# Masterbuilt Barrell Smoker



## thicon6 (Aug 22, 2011)

Hello, I have a Masterbuilt Barrel grill with an offset smoker.  As a grill it works just fine; however, this is my third time trying to smoke some food on it.  My problem is that I can't seem to get  the heat above 225 degrees.  I've made a few mods such as lined the bottom of the cooker with fire brick and placed foil on top of the bricks, and added a deflector and tuning plate in hopes this would give me better heat control.  Today, I even placed an oven thermometer in the firebox and after being in there for 5 mins I got a temp reading of 400 degrees

I've tried adjusting the dampers to increase heat and the most it'll do is either go up or down a few degrees but not past 225.  What am I doing wrong?

Thanks in advance for your help,

Kirby


----------



## venture (Aug 22, 2011)

I am confused.

You say you cannot get the heat above 225.  How are you measuring the heat when you get 225?

Then you say with the oven therm, you are getting 400? This is where the confusion comes in.

If you are using the stock therm in a lid to get the 225, be aware that stock therms in lids are notoriously inaccurate in many if not most cases.

My guess is your oven therm is the more accurate of the two.  I would recommend a good wired digital probe therm placed at meat level directly above the grate.

Here is in example of how I did mine before getting the Maverick 732:








Simply two pieces of 1X2 attached with a screw to swivel after drilling 3 holes at different levels for different heights off the grate.  Probe through the hole, wire wrapped with foil for some extra protection from the pinching of the lid.

To give you a reference, my stock therm in the lid reads about 65 degrees lower than the true temp at the meat level in the smoker.

Good luck and good smoking.


----------



## venture (Aug 22, 2011)

I just re read your post?  You cannot have that therm in a fire box or it would melt.  You must mean in the smoking chamber?

Also, I would recommend you introduce yourself in the roll call section so we can learn a little more about you and your equipment.  In addition, some pics would help the good folks here to help you.  We have lots of experienced people here who are friendly and helpful.

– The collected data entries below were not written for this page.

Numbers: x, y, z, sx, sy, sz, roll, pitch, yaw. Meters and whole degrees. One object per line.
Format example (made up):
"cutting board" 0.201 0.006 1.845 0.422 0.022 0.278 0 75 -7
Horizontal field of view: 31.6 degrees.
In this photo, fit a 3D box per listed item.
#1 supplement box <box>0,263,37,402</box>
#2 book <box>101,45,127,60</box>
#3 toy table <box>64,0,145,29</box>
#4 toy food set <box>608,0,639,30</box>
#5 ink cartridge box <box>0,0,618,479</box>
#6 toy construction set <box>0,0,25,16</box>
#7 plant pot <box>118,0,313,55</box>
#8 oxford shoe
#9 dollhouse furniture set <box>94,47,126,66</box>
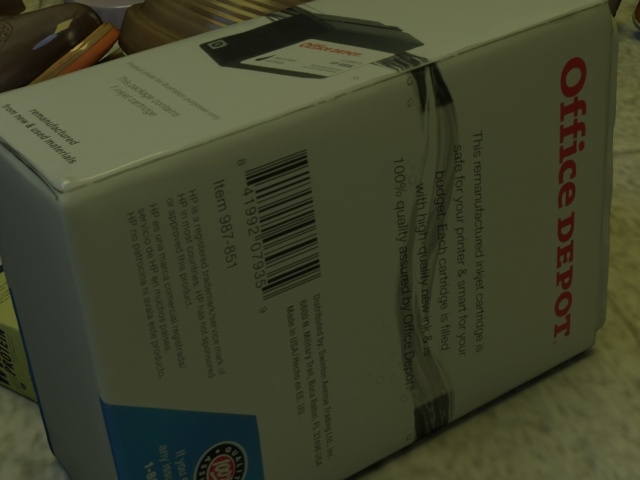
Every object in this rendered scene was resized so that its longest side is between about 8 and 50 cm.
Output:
"supplement box" -0.169 0.050 0.707 0.083 0.056 0.083 18 38 33
"book" -0.155 -0.152 1.070 0.096 0.035 0.144 -15 33 -8
"toy table" -0.219 -0.368 1.310 0.252 0.160 0.274 -10 30 -9
"toy food set" 0.302 -0.274 1.169 0.111 0.104 0.232 7 49 -6
"ink cartridge box" 0.000 0.000 0.603 0.307 0.223 0.129 -22 34 -26
"toy construction set" -0.425 -0.222 1.089 0.237 0.257 0.309 -32 48 -11
"plant pot" -0.041 -0.186 0.949 0.237 0.109 0.237 16 18 -5
"oxford shoe" -0.328 -0.139 0.888 0.364 0.132 0.130 -11 28 23
"dollhouse furniture set" -0.169 -0.031 0.843 0.161 0.101 0.182 -35 35 -1
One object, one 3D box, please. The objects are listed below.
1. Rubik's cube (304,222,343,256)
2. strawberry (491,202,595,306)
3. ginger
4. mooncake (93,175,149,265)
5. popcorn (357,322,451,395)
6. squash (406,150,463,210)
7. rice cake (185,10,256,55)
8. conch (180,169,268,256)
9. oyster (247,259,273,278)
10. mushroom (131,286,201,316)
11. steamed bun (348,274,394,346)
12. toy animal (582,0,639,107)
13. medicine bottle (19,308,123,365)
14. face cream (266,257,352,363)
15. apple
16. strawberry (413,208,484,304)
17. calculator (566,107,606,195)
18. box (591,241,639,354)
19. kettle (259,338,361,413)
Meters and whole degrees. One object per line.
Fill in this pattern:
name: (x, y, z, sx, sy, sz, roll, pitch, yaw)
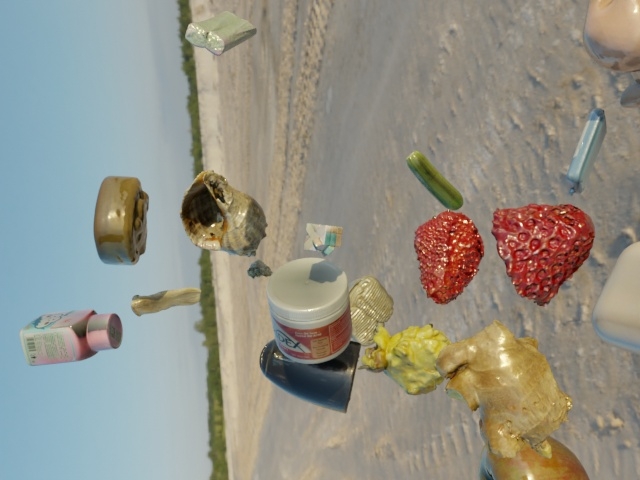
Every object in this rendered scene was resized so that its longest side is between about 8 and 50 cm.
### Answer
Rubik's cube: (0.003, 0.000, 1.298, 0.084, 0.075, 0.073, 5, 90, 59)
strawberry: (0.477, 0.013, 1.200, 0.178, 0.233, 0.234, -29, 60, 38)
ginger: (0.279, 0.226, 0.849, 0.216, 0.157, 0.102, 57, 175, 6)
mooncake: (-0.508, -0.046, 1.490, 0.235, 0.116, 0.235, -176, 90, -78)
popcorn: (0.201, 0.263, 1.331, 0.168, 0.195, 0.174, 106, -173, -46)
squash: (0.340, -0.173, 1.719, 0.229, 0.066, 0.066, 44, 179, -15)
rice cake: (-0.194, -0.414, 1.155, 0.042, 0.080, 0.222, -59, 5, 29)
conch: (-0.265, -0.075, 1.646, 0.159, 0.210, 0.292, -57, -48, -57)
oyster: (-0.179, 0.086, 1.768, 0.098, 0.100, 0.037, -27, -58, -56)
mushroom: (-0.441, 0.170, 1.659, 0.054, 0.202, 0.059, 10, 108, 60)
steamed bun: (0.130, 0.229, 1.960, 0.218, 0.211, 0.144, 44, 168, -32)
toy animal: (0.711, -0.427, 1.231, 0.237, 0.326, 0.270, -2, 105, 65)
medicine bottle: (-0.542, 0.209, 1.278, 0.119, 0.187, 0.095, -78, -19, -77)
face cream: (-0.025, 0.174, 1.435, 0.201, 0.200, 0.187, -109, 10, -53)
apple: (0.504, 0.574, 1.359, 0.257, 0.233, 0.257, 178, 90, -89)
strawberry: (0.320, 0.023, 1.386, 0.106, 0.188, 0.286, -48, 16, 42)
calculator: (0.618, -0.203, 1.344, 0.121, 0.039, 0.210, 21, -91, -59)
box: (0.811, 0.140, 1.323, 0.289, 0.141, 0.349, -59, 22, -8)
kettle: (-0.037, 0.385, 1.734, 0.268, 0.290, 0.208, 81, -159, -70)
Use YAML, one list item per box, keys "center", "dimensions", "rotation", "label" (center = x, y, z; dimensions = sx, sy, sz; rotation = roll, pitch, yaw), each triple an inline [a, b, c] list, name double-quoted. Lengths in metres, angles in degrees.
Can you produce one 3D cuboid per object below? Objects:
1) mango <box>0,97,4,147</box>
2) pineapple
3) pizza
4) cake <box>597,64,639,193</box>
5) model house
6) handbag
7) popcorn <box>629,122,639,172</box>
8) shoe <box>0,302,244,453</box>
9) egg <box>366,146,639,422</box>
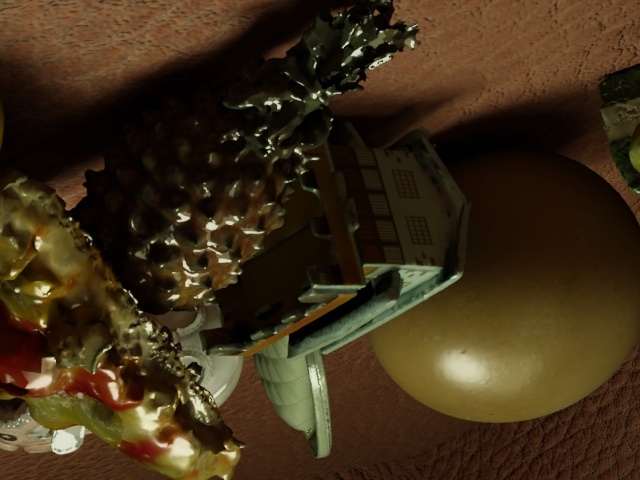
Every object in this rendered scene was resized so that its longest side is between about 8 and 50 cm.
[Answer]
- center: [-0.387, -0.023, 1.194]
  dimensions: [0.384, 0.199, 0.221]
  rotation: [-25, 165, -26]
  label: "mango"
- center: [-0.066, -0.083, 1.461]
  dimensions: [0.361, 0.175, 0.175]
  rotation: [-43, 155, 27]
  label: "pineapple"
- center: [-0.228, 0.100, 1.489]
  dimensions: [0.130, 0.406, 0.440]
  rotation: [-55, -165, -22]
  label: "pizza"
- center: [0.451, -0.148, 1.813]
  dimensions: [0.283, 0.158, 0.172]
  rotation: [-7, 162, -26]
  label: "cake"
- center: [0.000, 0.000, 1.715]
  dimensions: [0.215, 0.198, 0.224]
  rotation: [1, 155, -42]
  label: "model house"
- center: [-0.031, 0.128, 2.012]
  dimensions: [0.079, 0.219, 0.256]
  rotation: [-14, 141, -9]
  label: "handbag"
- center: [0.444, -0.161, 1.586]
  dimensions: [0.321, 0.290, 0.325]
  rotation: [16, -145, 28]
  label: "popcorn"
- center: [-0.265, 0.154, 2.021]
  dimensions: [0.351, 0.172, 0.198]
  rotation: [-20, 165, 8]
  label: "shoe"
- center: [0.203, 0.049, 1.917]
  dimensions: [0.301, 0.301, 0.374]
  rotation: [-27, 171, 32]
  label: "egg"
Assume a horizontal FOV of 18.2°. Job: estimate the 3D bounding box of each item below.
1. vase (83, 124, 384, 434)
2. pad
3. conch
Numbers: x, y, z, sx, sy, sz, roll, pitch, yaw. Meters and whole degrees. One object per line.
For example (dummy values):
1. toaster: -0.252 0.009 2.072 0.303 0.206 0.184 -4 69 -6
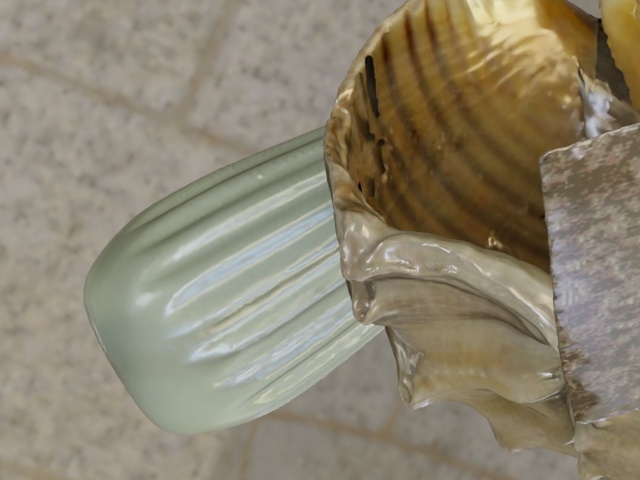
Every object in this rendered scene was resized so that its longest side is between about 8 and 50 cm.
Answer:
1. vase: 0.000 0.000 1.058 0.128 0.248 0.128 57 -173 -11
2. pad: 0.181 -0.015 0.593 0.158 0.235 0.003 74 178 -56
3. conch: 0.113 0.007 0.846 0.263 0.186 0.324 13 -149 -20
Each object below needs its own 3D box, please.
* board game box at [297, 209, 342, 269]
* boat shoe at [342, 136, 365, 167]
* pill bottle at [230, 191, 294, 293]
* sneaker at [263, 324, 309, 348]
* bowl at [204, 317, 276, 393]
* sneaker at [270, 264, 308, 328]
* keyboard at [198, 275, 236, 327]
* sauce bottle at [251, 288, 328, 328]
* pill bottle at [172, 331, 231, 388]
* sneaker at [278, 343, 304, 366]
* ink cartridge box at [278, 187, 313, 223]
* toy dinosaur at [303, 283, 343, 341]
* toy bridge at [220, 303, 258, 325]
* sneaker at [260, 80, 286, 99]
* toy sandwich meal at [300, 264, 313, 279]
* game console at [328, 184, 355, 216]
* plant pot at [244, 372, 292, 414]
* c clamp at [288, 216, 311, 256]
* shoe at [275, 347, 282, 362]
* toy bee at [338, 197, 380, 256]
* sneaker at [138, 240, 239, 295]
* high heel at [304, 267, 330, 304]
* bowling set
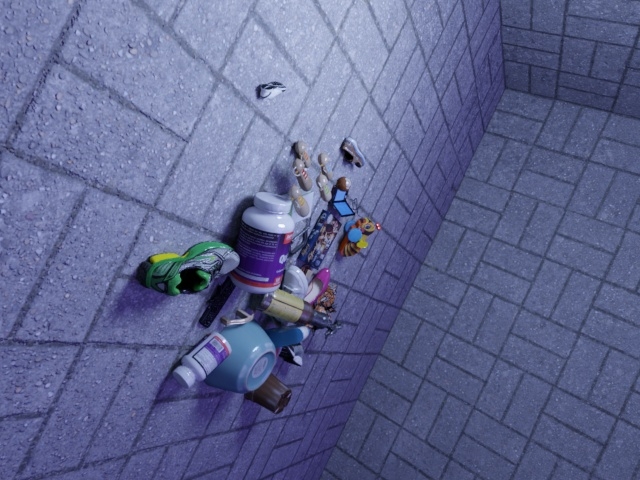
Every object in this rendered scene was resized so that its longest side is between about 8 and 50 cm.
[{"bbox_3d":[0.000,0.000,2.091,0.243,0.042,0.165,-62,153,-5],"label":"board game box"},{"bbox_3d":[0.134,-0.366,2.015,0.066,0.066,0.183,-54,141,-12],"label":"boat shoe"},{"bbox_3d":[-0.194,0.008,1.596,0.181,0.181,0.323,-16,126,-56],"label":"pill bottle"},{"bbox_3d":[-0.155,0.404,1.966,0.092,0.228,0.088,-3,85,-66],"label":"sneaker"},{"bbox_3d":[-0.292,0.472,1.830,0.311,0.163,0.312,-41,145,-37],"label":"bowl"},{"bbox_3d":[-0.142,0.255,1.979,0.169,0.108,0.293,-44,148,-41],"label":"sneaker"},{"bbox_3d":[-0.356,0.221,1.643,0.192,0.038,0.100,-60,153,-13],"label":"keyboard"},{"bbox_3d":[-0.113,0.280,1.889,0.344,0.111,0.111,29,85,-32],"label":"sauce bottle"},{"bbox_3d":[-0.413,0.418,1.625,0.193,0.108,0.108,-42,145,-37],"label":"pill bottle"},{"bbox_3d":[-0.143,0.517,2.227,0.271,0.100,0.108,65,41,-61],"label":"sneaker"},{"bbox_3d":[-0.115,-0.121,1.761,0.209,0.062,0.109,-28,135,-50],"label":"ink cartridge box"},{"bbox_3d":[-0.011,0.362,2.307,0.322,0.164,0.218,-37,130,-19],"label":"toy dinosaur"},{"bbox_3d":[-0.293,0.287,1.782,0.188,0.063,0.026,-18,127,-55],"label":"toy bridge"},{"bbox_3d":[-0.150,-0.464,1.450,0.109,0.040,0.044,-28,152,-45],"label":"sneaker"},{"bbox_3d":[-0.068,0.149,2.107,0.085,0.029,0.086,-42,145,-38],"label":"toy sandwich meal"},{"bbox_3d":[0.109,-0.180,2.090,0.144,0.085,0.124,-13,123,-58],"label":"game console"},{"bbox_3d":[-0.229,0.691,2.123,0.167,0.165,0.167,-43,146,-38],"label":"plant pot"},{"bbox_3d":[-0.091,-0.008,1.951,0.161,0.022,0.137,-46,152,-36],"label":"c clamp"},{"bbox_3d":[-0.227,0.512,2.086,0.081,0.063,0.178,-28,140,-57],"label":"shoe"},{"bbox_3d":[0.203,-0.040,2.257,0.298,0.162,0.195,116,-21,-50],"label":"toy bee"},{"bbox_3d":[-0.364,0.100,1.408,0.343,0.146,0.134,-21,129,-55],"label":"sneaker"},{"bbox_3d":[-0.038,0.233,2.177,0.244,0.082,0.117,-54,165,7],"label":"high heel"},{"bbox_3d":[-0.001,-0.235,1.634,0.154,0.199,0.287,65,20,-58],"label":"bowling set"}]
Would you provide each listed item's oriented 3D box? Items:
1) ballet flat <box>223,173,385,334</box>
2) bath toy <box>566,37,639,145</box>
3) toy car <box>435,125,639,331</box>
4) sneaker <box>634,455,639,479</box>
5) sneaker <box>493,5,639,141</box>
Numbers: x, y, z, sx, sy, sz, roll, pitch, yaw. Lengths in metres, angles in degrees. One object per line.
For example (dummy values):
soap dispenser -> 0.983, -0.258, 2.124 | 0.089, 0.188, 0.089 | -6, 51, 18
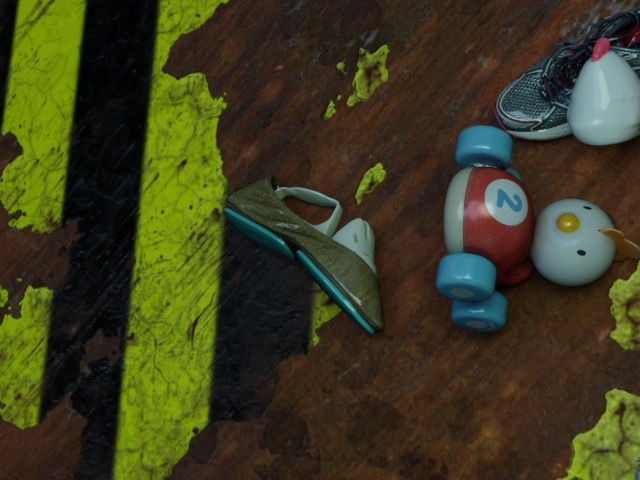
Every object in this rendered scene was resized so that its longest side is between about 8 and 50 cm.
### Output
ballet flat -> 0.000, 0.000, 1.623 | 0.124, 0.116, 0.342 | -46, 53, -10
bath toy -> 0.460, -0.181, 1.298 | 0.348, 0.151, 0.129 | 3, 111, 32
toy car -> 0.286, -0.009, 1.400 | 0.238, 0.210, 0.219 | 3, 66, 19
sneaker -> 0.393, 0.388, 1.294 | 0.115, 0.105, 0.281 | 8, 81, 61
sneaker -> 0.360, -0.236, 1.456 | 0.299, 0.112, 0.120 | -28, 64, 22
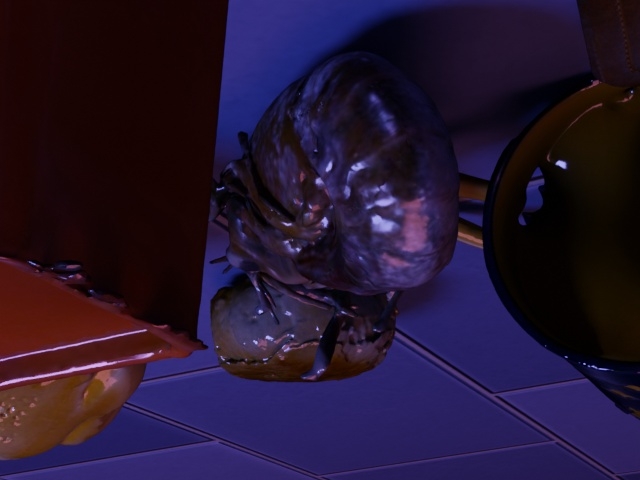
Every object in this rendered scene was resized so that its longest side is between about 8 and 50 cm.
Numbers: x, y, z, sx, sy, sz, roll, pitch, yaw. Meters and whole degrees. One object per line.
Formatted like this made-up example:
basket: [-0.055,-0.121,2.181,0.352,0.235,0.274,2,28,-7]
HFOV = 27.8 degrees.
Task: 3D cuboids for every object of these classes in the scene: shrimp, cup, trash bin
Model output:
shrimp: [0.002,-0.007,0.774,0.116,0.145,0.343,-34,179,-20]
cup: [0.194,-0.004,0.827,0.178,0.255,0.256,-45,152,3]
trash bin: [-0.101,-0.076,0.444,0.184,0.238,0.161,-14,155,23]

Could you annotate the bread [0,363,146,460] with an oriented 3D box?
bread: [-0.256,0.048,0.755,0.311,0.121,0.173,13,138,-30]

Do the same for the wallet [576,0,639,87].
wallet: [0.253,-0.131,0.621,0.255,0.031,0.137,-9,157,15]

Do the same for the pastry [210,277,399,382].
pastry: [-0.015,0.071,1.019,0.153,0.081,0.153,-6,158,-3]

Good luck and good smoking.


----------



## thicon6 (Aug 22, 2011)

Venture thanks I'll go to roll call place an entry.  Fortunately, for me the therm didn't melt in the firebox.  In my fustration I wanted to know how hot the firebox was because I couldn't figure out why the cooking chamber wouldn't get above 225. I bought a wireless digital therm from Walmart and tried to use that; however, it wouldn't give me reading. (yes i'm taking it back) which is why I resorted to the oven therm.  I was aware of the manufactor's therm being off, however, both it and the oven therm gave the same temps reading when I checked.

     I  Below is a picture of my grill/smoker.







This next pic is righ after I removed the chicken from the grill (so that's why its greasy) but I wanted to show you the deflector (it's taken from an angle)
	

		
			
		

		
	







Again thanks for the help.

Kirby


----------



## SmokinAl (Aug 23, 2011)

What Merv said!


----------